Try it:
Restate word for word all of the lines below, with each image left out.

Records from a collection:
....................
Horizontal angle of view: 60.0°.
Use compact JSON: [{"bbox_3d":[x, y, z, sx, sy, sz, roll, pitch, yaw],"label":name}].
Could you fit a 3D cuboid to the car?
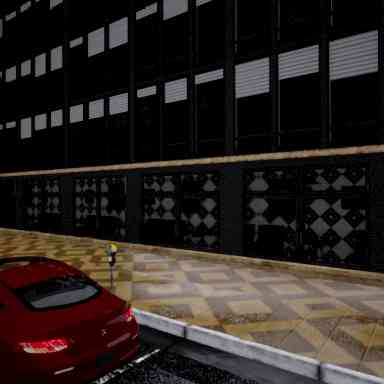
[{"bbox_3d":[-2.578,1.582,4.665,4.206,1.307,1.802,0,0,35],"label":"car"}]
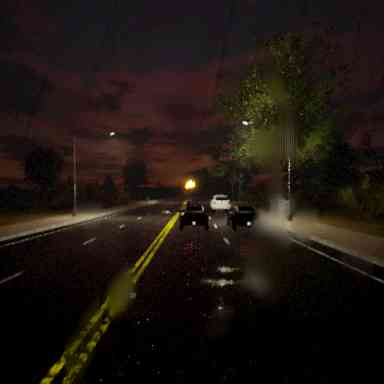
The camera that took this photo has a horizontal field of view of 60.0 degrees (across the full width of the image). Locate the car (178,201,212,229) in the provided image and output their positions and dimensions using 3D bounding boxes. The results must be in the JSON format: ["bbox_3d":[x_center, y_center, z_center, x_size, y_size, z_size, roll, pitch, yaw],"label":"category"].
[{"bbox_3d":[0.133,1.628,22.688,1.837,1.490,4.892,0,0,0],"label":"car"}]

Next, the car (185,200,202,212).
[{"bbox_3d":[0.153,1.776,42.089,1.994,1.385,4.181,0,0,0],"label":"car"}]

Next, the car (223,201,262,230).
[{"bbox_3d":[3.383,1.625,22.174,1.837,1.490,4.892,0,0,0],"label":"car"}]

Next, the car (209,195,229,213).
[{"bbox_3d":[3.404,1.429,40.761,2.150,2.045,5.566,0,0,0],"label":"car"}]
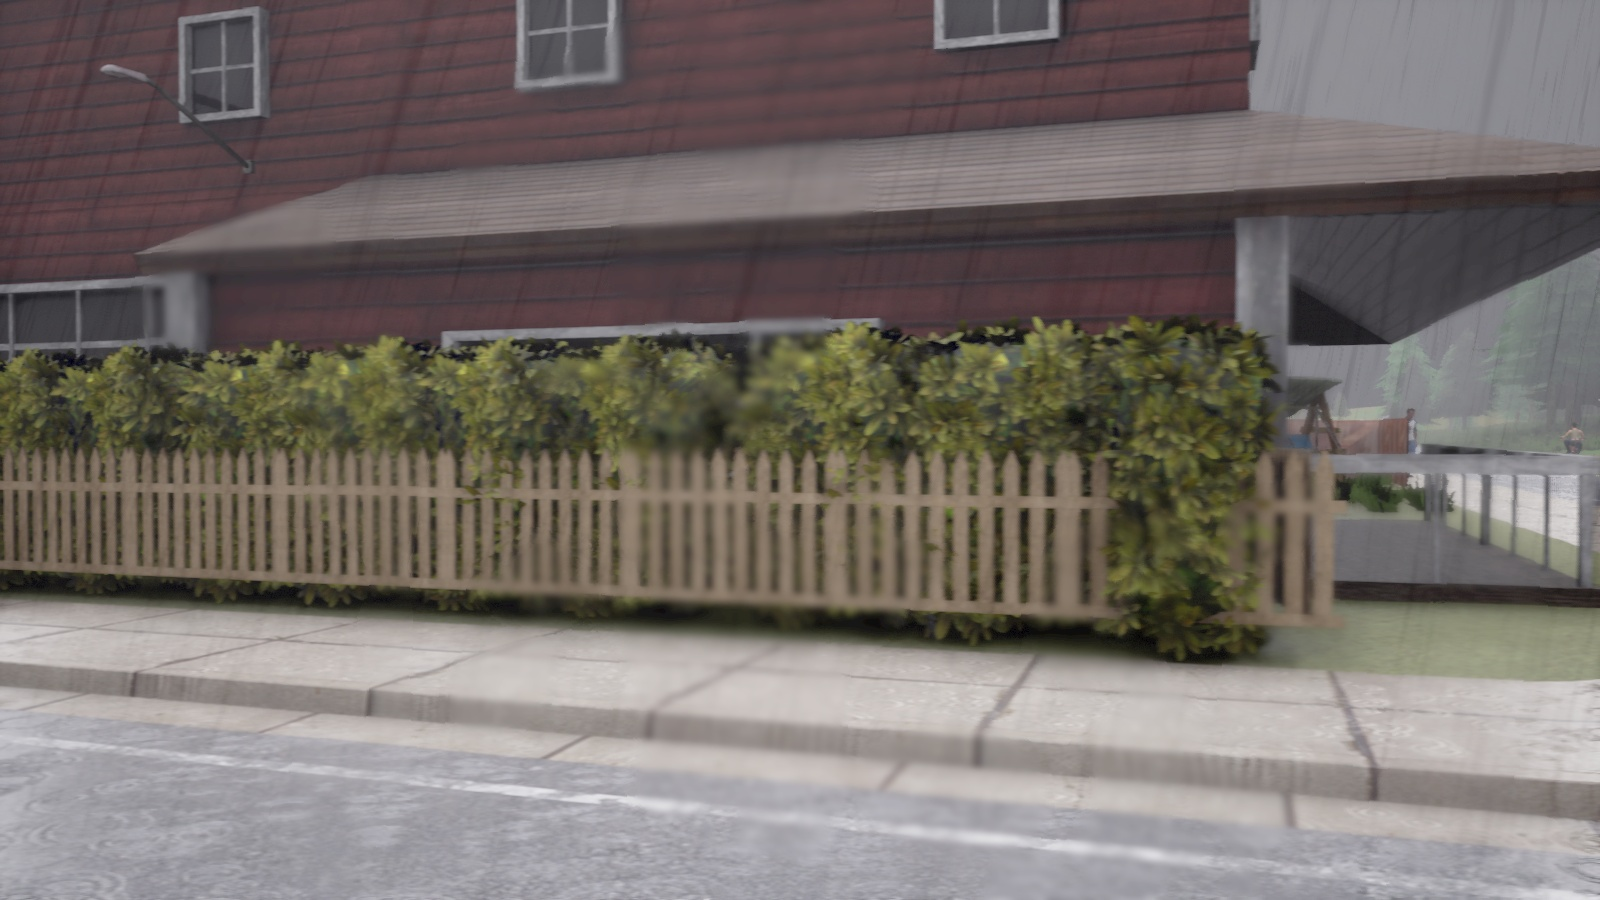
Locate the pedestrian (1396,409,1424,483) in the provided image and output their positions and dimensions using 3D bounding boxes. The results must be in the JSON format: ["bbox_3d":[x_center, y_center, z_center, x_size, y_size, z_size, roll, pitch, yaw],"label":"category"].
....................
Answer to the exercise:
Horizontal angle of view: 60.0°.
Use compact JSON: [{"bbox_3d":[x, y, z, sx, sy, sz, roll, pitch, yaw],"label":name}].
Could you fit a 3D cuboid to the car?
[{"bbox_3d":[-2.578,1.582,4.665,4.206,1.307,1.802,0,0,35],"label":"car"}]
The camera that took this photo has a horizontal field of view of 60.0 degrees (across the full width of the image). Locate the car (178,201,212,229) in the provided image and output their positions and dimensions using 3D bounding boxes. The results must be in the JSON format: ["bbox_3d":[x_center, y_center, z_center, x_size, y_size, z_size, roll, pitch, yaw],"label":"category"].
[{"bbox_3d":[0.133,1.628,22.688,1.837,1.490,4.892,0,0,0],"label":"car"}]

Next, the car (185,200,202,212).
[{"bbox_3d":[0.153,1.776,42.089,1.994,1.385,4.181,0,0,0],"label":"car"}]

Next, the car (223,201,262,230).
[{"bbox_3d":[3.383,1.625,22.174,1.837,1.490,4.892,0,0,0],"label":"car"}]

Next, the car (209,195,229,213).
[{"bbox_3d":[3.404,1.429,40.761,2.150,2.045,5.566,0,0,0],"label":"car"}]
Locate the pedestrian (1396,409,1424,483) in the provided image and output their positions and dimensions using 3D bounding boxes. The results must be in the JSON format: ["bbox_3d":[x_center, y_center, z_center, x_size, y_size, z_size, roll, pitch, yaw],"label":"category"].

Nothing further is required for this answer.